Projekt Kranichschutz

Neue Lebensräume für den Kranich in Schleswig-Holstein

Brutbestandsentwicklung
Abb. 1: Brutbestandsentwicklung des Kranichs
in Schleswig-Holstein

Dass der Kranich in Norddeutschland heute nicht mehr als eine "vom Aussterben bedrohte Brutvogelart" eingestuft werden muss, ist zu allererst ein Erfolg einer konsequenten nationalen (zunächst in beiden deutschen Staaten) wie später internationalen Naturschutzarbeit für die Brut- und europaweiten Rast- und Überwinterungsgebiete. Die 1991 vom NABU und WWF begründete Projektgemeinschaft "Kranichschutz Deutschland" "überwacht" heute durch eine europaweite Zusammenarbeit von Kranichschützern und Organisationen die Einhaltung und Verbesserung europäischer Schutzstandards (u.a. EU-Vogelschutzrichtlinie). Daran hat auch Schleswig-Holstein mit seinem Kranichbestand am Westrand der Verbreitung einen wichtigen Anteil.

Als der WWF 1972 in enger Zusammenarbeit mit der staatlichen Vogelschutzwarte Schleswig-Holstein das Kranichprojekt begann, wurden nach sorgfältigen Untersuchungen nur noch neun Paare im äußersten Osten unseres Landes festgestellt, deren Bruten zumeinst gestört wurden. Herausforderung genug, dass sich Naturschutzpraktiker, Naturschutzbehörden (deren Etablierung gerade began), Förster und aufgeschlossene Grundeigentümer zu einer Projektgruppe Kranichschutz zusammenfanden. Die Gebiete wurden überwacht und erste Wiedervernässungsmaßnahmen zunächst mit einfachen Mitteln, später auch über Geländeaufkäufe und umfangreiche Feuchtgebietsrenaturierungen umgesetzt. Im Verlauf der über 30-jährigen Projekarbeit stieg der Kranichbestand in Schleswig-Holstein von neun (1972) auf 275 Paare (2007) an (Abb. 1).

Sumpfdotterblumen
Abb. 2: Die Sumpfdotterblume (Caltha palustris) ist eine
Charakterart nasser Erlenbruchwälder

Von der Verbesserung der Lebensräume für die Leitart Kranich profitierten aber auch viele andere Pflanzen- und Tierarten wie z.B. Wasserfeder, Sumpfdotterblumen, Waldwasserläufer, Moorfrösche und diverse ans Wasser gebundene Insektenarten. Viele dieser ehemaligen Renturierungsgebiete sind heute als Naturschutzgebiete ausgewiesen (z.B. NSG Hevenbruch, NSG Oldenburger See) und / oder gemeldete NATURA 2000-Gebiete (z.B. SPA Waldgebiete in Lauenburg, SPA Schaalsee-Gebiet).
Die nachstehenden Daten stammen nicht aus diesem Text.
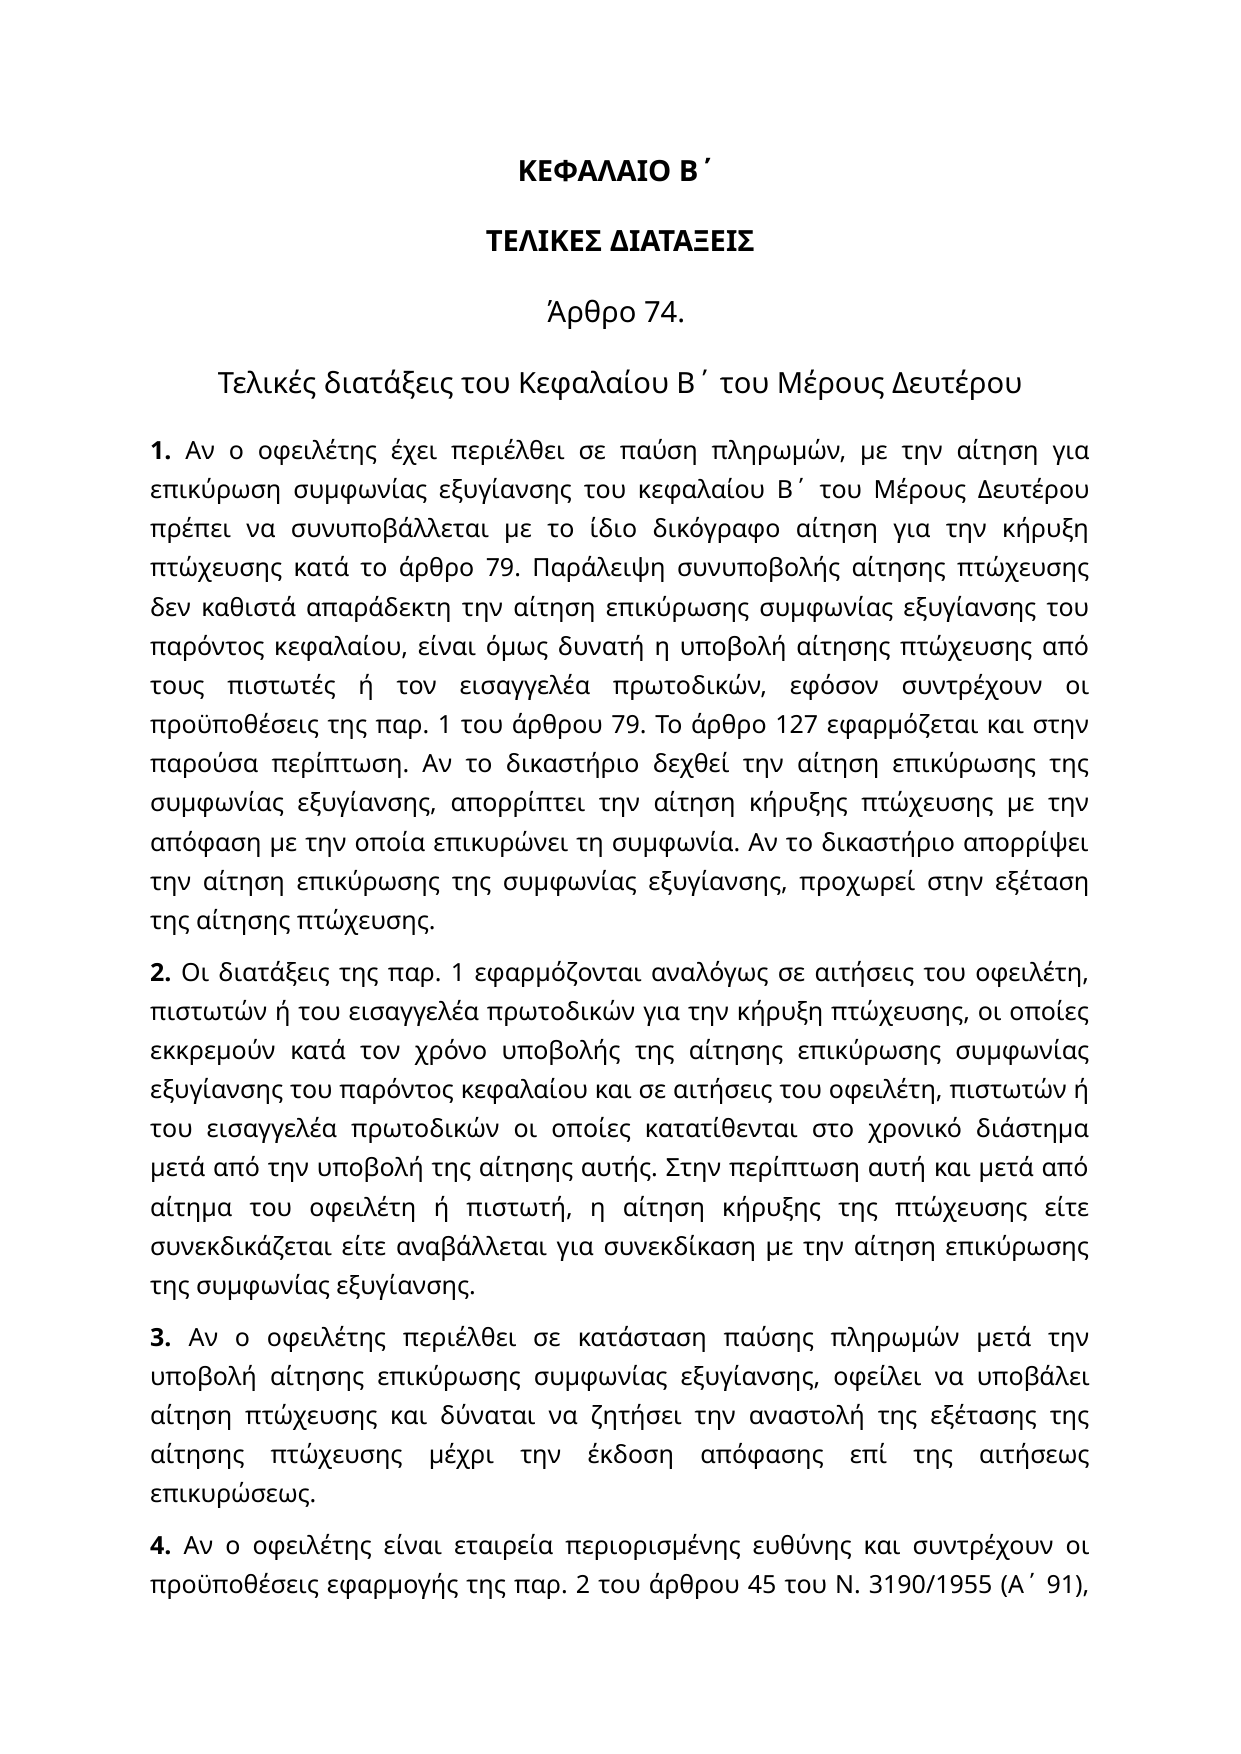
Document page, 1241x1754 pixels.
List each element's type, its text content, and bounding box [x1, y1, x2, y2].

text 3. Αν ο οφειλέτης περιέλθει σε κατάσταση παύσης πληρωμών μετά την υποβολή αίτησης επικύρωσης συμφωνίας εξυγίανσης, οφείλει να υποβάλει αίτηση πτώχευσης και δύναται να ζητήσει την αναστολή της εξέτασης της αίτησης πτώχευσης μέχρι την έκδοση απόφασης επί της αιτήσεως επικυρώσεως. [150, 1319, 1090, 1510]
text 1. Αν ο οφειλέτης έχει περιέλθει σε παύση πληρωμών, με την αίτηση για επικύρωση συμφωνίας εξυγίανσης του κεφαλαίου Β΄ του Μέρους Δευτέρου πρέπει να συνυποβάλλεται με το ίδιο δικόγραφο αίτηση για την κήρυξη πτώχευσης κατά το άρθρο 79. Παράλειψη συνυποβολής αίτησης πτώχευσης δεν καθιστά απαράδεκτη την αίτηση επικύρωσης συμφωνίας εξυγίανσης του παρόντος κεφαλαίου, είναι όμως δυνατή η υποβολή αίτησης πτώχευσης από τους πιστωτές ή τον εισαγγελέα πρωτοδικών, εφόσον συντρέχουν οι προϋποθέσεις της παρ. 1 του άρθρου 79. Το άρθρο 127 εφαρμόζεται και στην παρούσα περίπτωση. Αν το δικαστήριο δεχθεί την αίτηση επικύρωσης της συμφωνίας εξυγίανσης, απορρίπτει την αίτηση κήρυξης πτώχευσης με την απόφαση με την οποία επικυρώνει τη συμφωνία. Αν το δικαστήριο απορρίψει την αίτηση επικύρωσης της συμφωνίας εξυγίανσης, προχωρεί στην εξέταση της αίτησης πτώχευσης. [150, 432, 1090, 937]
text 2. Οι διατάξεις της παρ. 1 εφαρμόζονται αναλόγως σε αιτήσεις του οφειλέτη, πιστωτών ή του εισαγγελέα πρωτοδικών για την κήρυξη πτώχευσης, οι οποίες εκκρεμούν κατά τον χρόνο υποβολής της αίτησης επικύρωσης συμφωνίας εξυγίανσης του παρόντος κεφαλαίου και σε αιτήσεις του οφειλέτη, πιστωτών ή του εισαγγελέα πρωτοδικών οι οποίες κατατίθενται στο χρονικό διάστημα μετά από την υποβολή της αίτησης αυτής. Στην περίπτωση αυτή και μετά από αίτημα του οφειλέτη ή πιστωτή, η αίτηση κήρυξης της πτώχευσης είτε συνεκδικάζεται είτε αναβάλλεται για συνεκδίκαση με την αίτηση επικύρωσης της συμφωνίας εξυγίανσης. [150, 954, 1090, 1302]
subtitle Άρθρο 74. [150, 291, 1090, 331]
subtitle Τελικές διατάξεις του Κεφαλαίου Β΄ του Μέρους Δευτέρου [150, 362, 1090, 402]
subtitle ΚΕΦΑΛΑΙΟ Β΄ [150, 150, 1090, 190]
subtitle ΤΕΛΙΚΕΣ ΔΙΑΤΑΞΕΙΣ [150, 221, 1090, 260]
text 4. Αν ο οφειλέτης είναι εταιρεία περιορισμένης ευθύνης και συντρέχουν οι προϋποθέσεις εφαρμογής της παρ. 2 του άρθρου 45 του Ν. 3190/1955 (Α΄ 91), [150, 1527, 1090, 1601]

Mit dem Brutbestandsanstieg entwickelten sich in geeigneten, ganzjährigen mit Flachwassern versehenen Feuchtgebieten mit bis 1.000 Exemplaren (z.B. NSG Oldenburger See), die aufgesucht werden, bevor der Abzug der Vögel Ende Oktober, Anfang November in die französischen und spanischen Überwinterungsquatiere beginnt.
In milden Wintern verbleiben aber auch Einzelpaare oder kleine Gruppen im Lande.

Der bisherige Brutbestandsanstieg des Kranichs erfolgte überwiegend im östlichen und mittleren Schleswig-Holstein, da hier vielfältige Bruchwälder z.T. auf engem Raum renaturiert werden konnten und der vergleichsweise gute Bruterfolg weitere Neuansiedelungen begünstigte. Über die Populationsreserven besteht nun eine Chance, dass bei ausreichenden Feuchtgebietsrenaturierungen diese eindrucksvolle Vogelart wieder in ganz Schleswig-Holstein heimisch wird.